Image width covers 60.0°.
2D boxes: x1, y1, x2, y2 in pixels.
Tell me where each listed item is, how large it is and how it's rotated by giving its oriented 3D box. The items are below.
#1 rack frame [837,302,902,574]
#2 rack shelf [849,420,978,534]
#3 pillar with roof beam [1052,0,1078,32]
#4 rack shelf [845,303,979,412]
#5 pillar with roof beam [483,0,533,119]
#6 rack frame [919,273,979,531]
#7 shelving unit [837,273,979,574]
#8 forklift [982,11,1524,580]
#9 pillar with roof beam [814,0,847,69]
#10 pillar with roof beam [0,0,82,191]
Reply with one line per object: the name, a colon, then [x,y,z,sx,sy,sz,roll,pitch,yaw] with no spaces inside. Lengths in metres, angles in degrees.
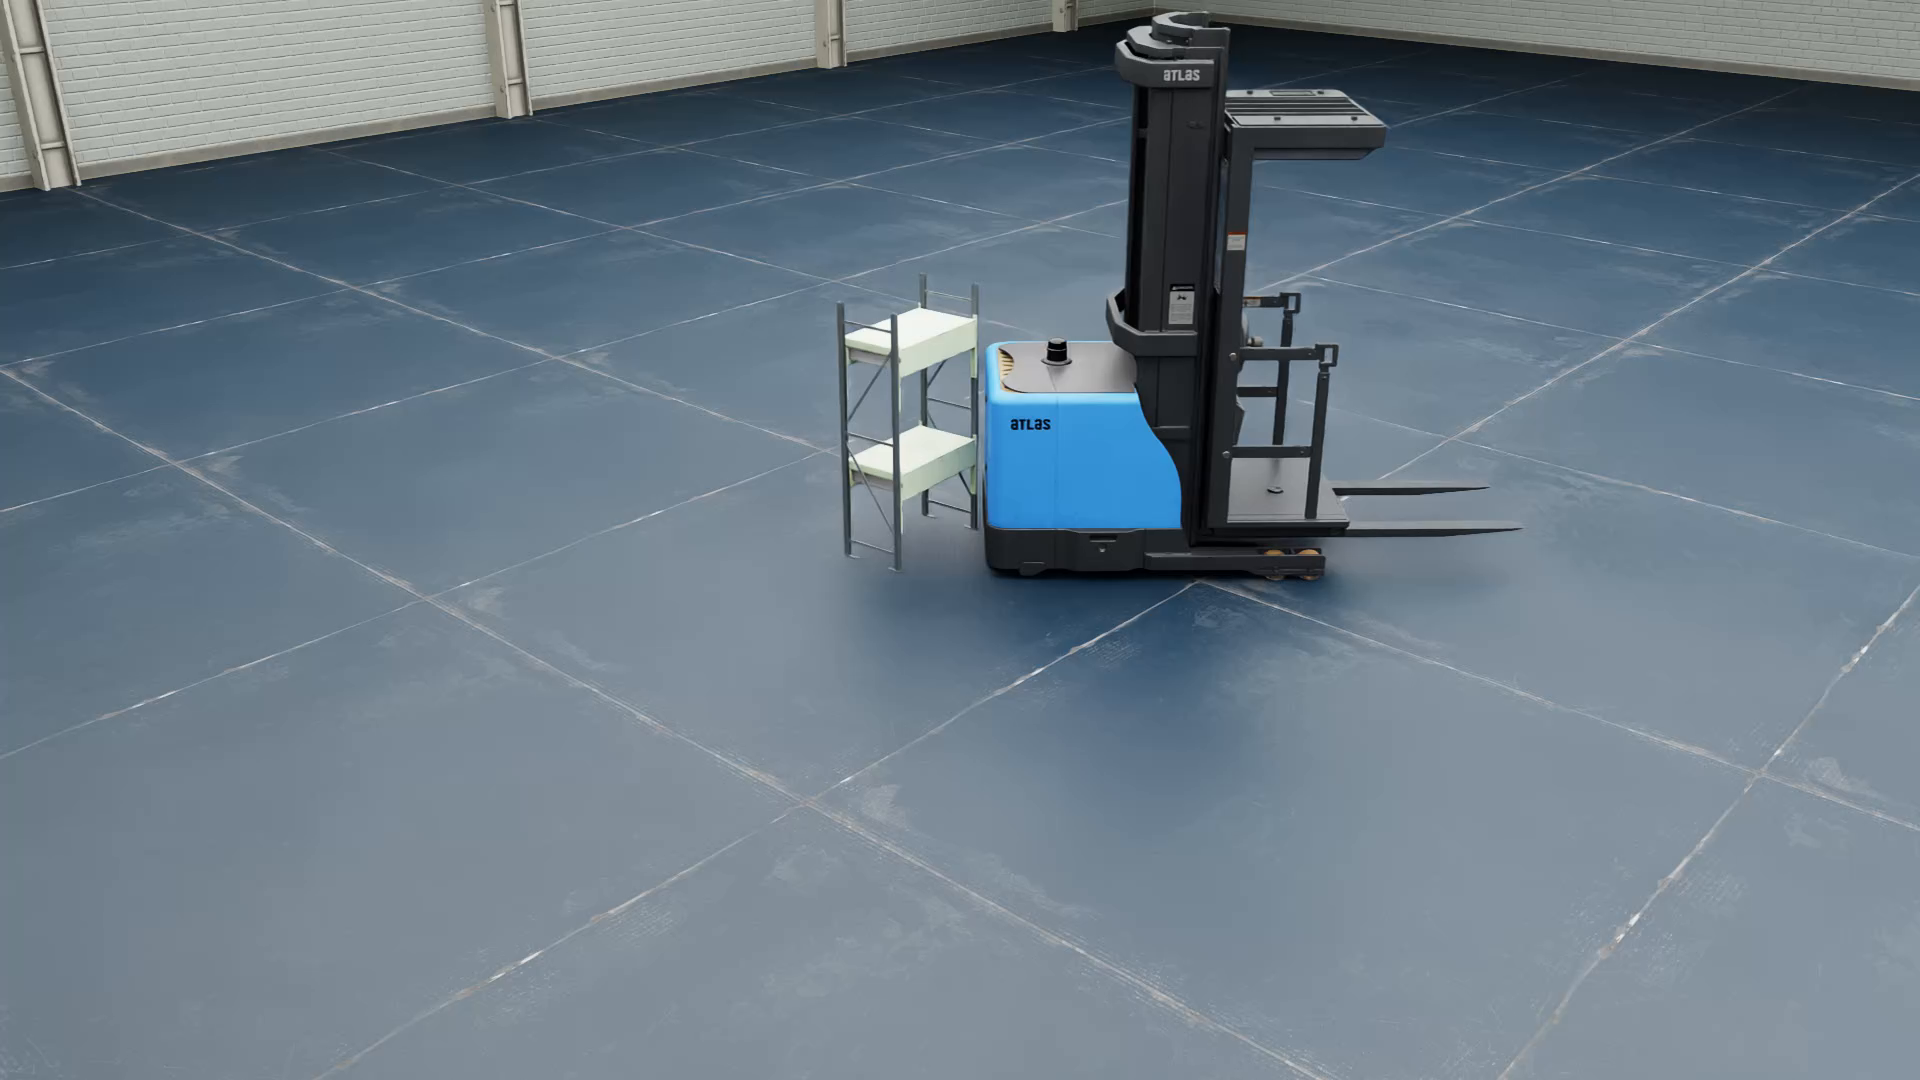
rack frame: [-0.495,-0.547,9.137,0.400,1.500,0.023,17,29,32]
rack shelf: [-0.279,-0.371,9.541,0.431,0.370,0.720,17,29,32]
pillar with roof beam: [5.145,-12.370,26.340,9.100,9.000,0.400,20,31,38]
rack shelf: [-0.279,-1.024,9.248,0.431,0.370,0.720,17,29,32]
pillar with roof beam: [-2.864,-8.714,18.186,9.100,9.000,0.400,20,31,38]
rack frame: [-0.064,-0.789,9.678,0.400,1.500,0.023,17,29,32]
shelving unit: [-0.279,-0.668,9.408,0.431,1.500,0.755,17,29,32]
forklift: [1.656,-1.331,9.137,3.031,2.935,1.130,0,24,-1]
pillar with roof beam: [1.140,-10.542,22.263,9.100,9.000,0.400,20,31,38]
pillar with roof beam: [-6.869,-6.886,14.109,9.100,9.000,0.400,20,31,38]
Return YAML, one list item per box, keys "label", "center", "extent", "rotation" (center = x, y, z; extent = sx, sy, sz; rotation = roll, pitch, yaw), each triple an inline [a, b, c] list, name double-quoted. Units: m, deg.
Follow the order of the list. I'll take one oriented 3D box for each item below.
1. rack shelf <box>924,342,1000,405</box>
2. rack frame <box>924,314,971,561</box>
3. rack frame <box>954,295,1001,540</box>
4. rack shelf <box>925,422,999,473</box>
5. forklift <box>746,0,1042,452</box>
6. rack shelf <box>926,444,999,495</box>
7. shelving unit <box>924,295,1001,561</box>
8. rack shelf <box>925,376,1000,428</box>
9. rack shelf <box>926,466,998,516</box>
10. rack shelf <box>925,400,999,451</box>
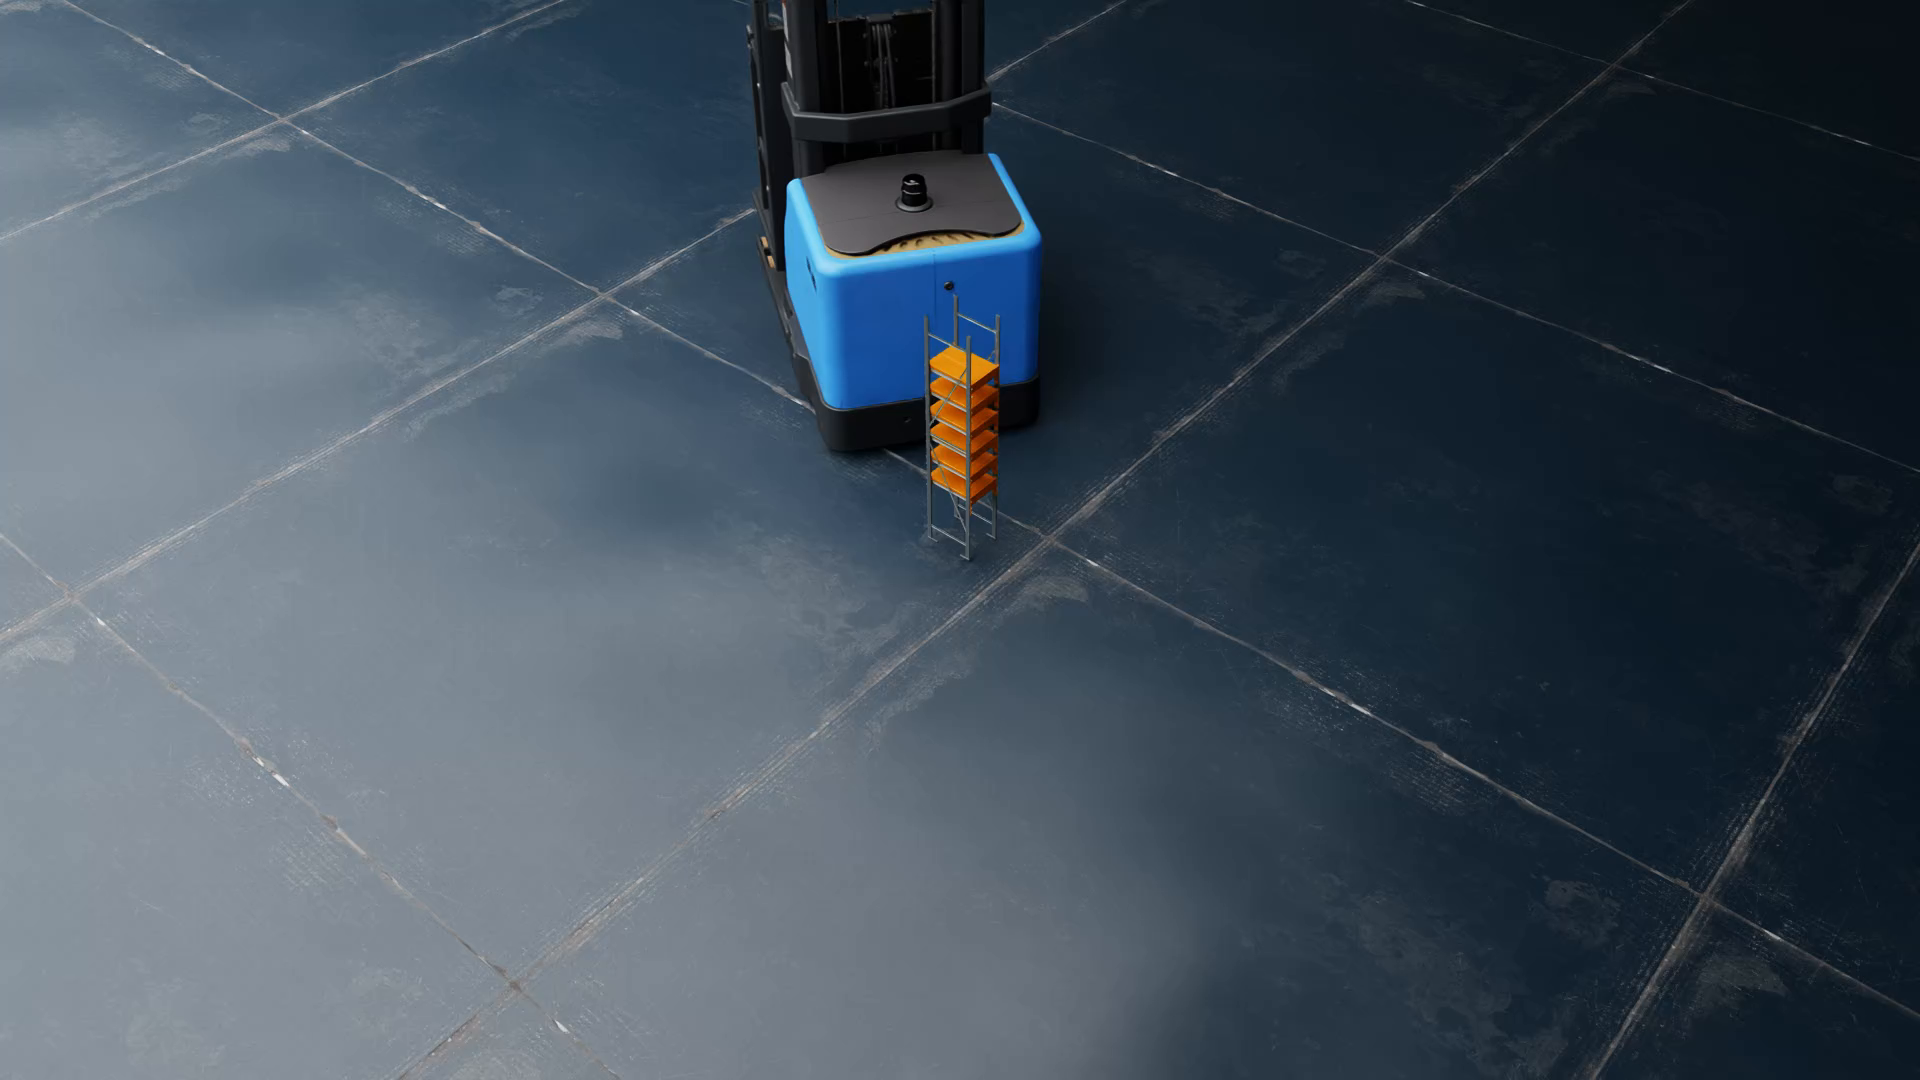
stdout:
- label: "rack shelf"
  center: [0.009, -0.685, 6.825]
  extent: [0.258, 0.103, 0.180]
  rotation: [29, 50, 28]
- label: "rack frame"
  center: [-0.050, -0.404, 6.985]
  extent: [0.240, 1.200, 0.006]
  rotation: [29, 50, 28]
- label: "rack frame"
  center: [0.068, -0.498, 7.089]
  extent: [0.240, 1.200, 0.006]
  rotation: [29, 50, 28]
- label: "rack shelf"
  center: [0.009, -0.419, 7.067]
  extent: [0.258, 0.103, 0.180]
  rotation: [29, 50, 28]
- label: "forklift"
  center: [-0.485, -2.503, 8.007]
  extent: [1.130, 2.935, 3.031]
  rotation: [-10, 43, -11]
- label: "rack shelf"
  center: [0.009, -0.330, 7.147]
  extent: [0.258, 0.103, 0.180]
  rotation: [29, 50, 28]
- label: "shelving unit"
  center: [0.009, -0.451, 7.037]
  extent: [0.258, 1.200, 0.189]
  rotation: [29, 50, 28]
- label: "rack shelf"
  center: [0.009, -0.596, 6.905]
  extent: [0.258, 0.103, 0.180]
  rotation: [29, 50, 28]
- label: "rack shelf"
  center: [0.009, -0.241, 7.228]
  extent: [0.258, 0.103, 0.180]
  rotation: [29, 50, 28]
- label: "rack shelf"
  center: [0.009, -0.507, 6.986]
  extent: [0.258, 0.103, 0.180]
  rotation: [29, 50, 28]

-=-=-=-=-

Repeat the material above word for word but skip the images.

Image width covers 60.0°.
2D boxes: x1, y1, x2, y2 in pixels.
Tell me where each listed item is, how large it is and how it's rotated by giving its oriented 3D box. The items are below.
#1 rack frame [837,302,902,574]
#2 rack shelf [849,420,978,534]
#3 pillar with roof beam [1052,0,1078,32]
#4 rack shelf [845,303,979,412]
#5 pillar with roof beam [483,0,533,119]
#6 rack frame [919,273,979,531]
#7 shelving unit [837,273,979,574]
#8 forklift [982,11,1524,580]
#9 pillar with roof beam [814,0,847,69]
#10 pillar with roof beam [0,0,82,191]
Reply with one line per object: the name, a colon, then [x,y,z,sx,sy,sz,roll,pitch,yaw] with no spaces inside. Lengths in metres, angles in degrees.
rack frame: [-0.495,-0.547,9.137,0.400,1.500,0.023,17,29,32]
rack shelf: [-0.279,-0.371,9.541,0.431,0.370,0.720,17,29,32]
pillar with roof beam: [5.145,-12.370,26.340,9.100,9.000,0.400,20,31,38]
rack shelf: [-0.279,-1.024,9.248,0.431,0.370,0.720,17,29,32]
pillar with roof beam: [-2.864,-8.714,18.186,9.100,9.000,0.400,20,31,38]
rack frame: [-0.064,-0.789,9.678,0.400,1.500,0.023,17,29,32]
shelving unit: [-0.279,-0.668,9.408,0.431,1.500,0.755,17,29,32]
forklift: [1.656,-1.331,9.137,3.031,2.935,1.130,0,24,-1]
pillar with roof beam: [1.140,-10.542,22.263,9.100,9.000,0.400,20,31,38]
pillar with roof beam: [-6.869,-6.886,14.109,9.100,9.000,0.400,20,31,38]
Return YAML, one list item per box, keys "label", "center", "extent", "rotation" (center = x, y, z; extent = sx, sy, sz; rotation = roll, pitch, yaw), each triple an inline [a, b, c] list, name double-quoted. Units: m, deg.
Follow the order of the list. I'll take one oriented 3D box for each item below.
1. rack shelf <box>924,342,1000,405</box>
2. rack frame <box>924,314,971,561</box>
3. rack frame <box>954,295,1001,540</box>
4. rack shelf <box>925,422,999,473</box>
5. forklift <box>746,0,1042,452</box>
6. rack shelf <box>926,444,999,495</box>
7. shelving unit <box>924,295,1001,561</box>
8. rack shelf <box>925,376,1000,428</box>
9. rack shelf <box>926,466,998,516</box>
10. rack shelf <box>925,400,999,451</box>
stdout:
- label: "rack shelf"
  center: [0.009, -0.685, 6.825]
  extent: [0.258, 0.103, 0.180]
  rotation: [29, 50, 28]
- label: "rack frame"
  center: [-0.050, -0.404, 6.985]
  extent: [0.240, 1.200, 0.006]
  rotation: [29, 50, 28]
- label: "rack frame"
  center: [0.068, -0.498, 7.089]
  extent: [0.240, 1.200, 0.006]
  rotation: [29, 50, 28]
- label: "rack shelf"
  center: [0.009, -0.419, 7.067]
  extent: [0.258, 0.103, 0.180]
  rotation: [29, 50, 28]
- label: "forklift"
  center: [-0.485, -2.503, 8.007]
  extent: [1.130, 2.935, 3.031]
  rotation: [-10, 43, -11]
- label: "rack shelf"
  center: [0.009, -0.330, 7.147]
  extent: [0.258, 0.103, 0.180]
  rotation: [29, 50, 28]
- label: "shelving unit"
  center: [0.009, -0.451, 7.037]
  extent: [0.258, 1.200, 0.189]
  rotation: [29, 50, 28]
- label: "rack shelf"
  center: [0.009, -0.596, 6.905]
  extent: [0.258, 0.103, 0.180]
  rotation: [29, 50, 28]
- label: "rack shelf"
  center: [0.009, -0.241, 7.228]
  extent: [0.258, 0.103, 0.180]
  rotation: [29, 50, 28]
- label: "rack shelf"
  center: [0.009, -0.507, 6.986]
  extent: [0.258, 0.103, 0.180]
  rotation: [29, 50, 28]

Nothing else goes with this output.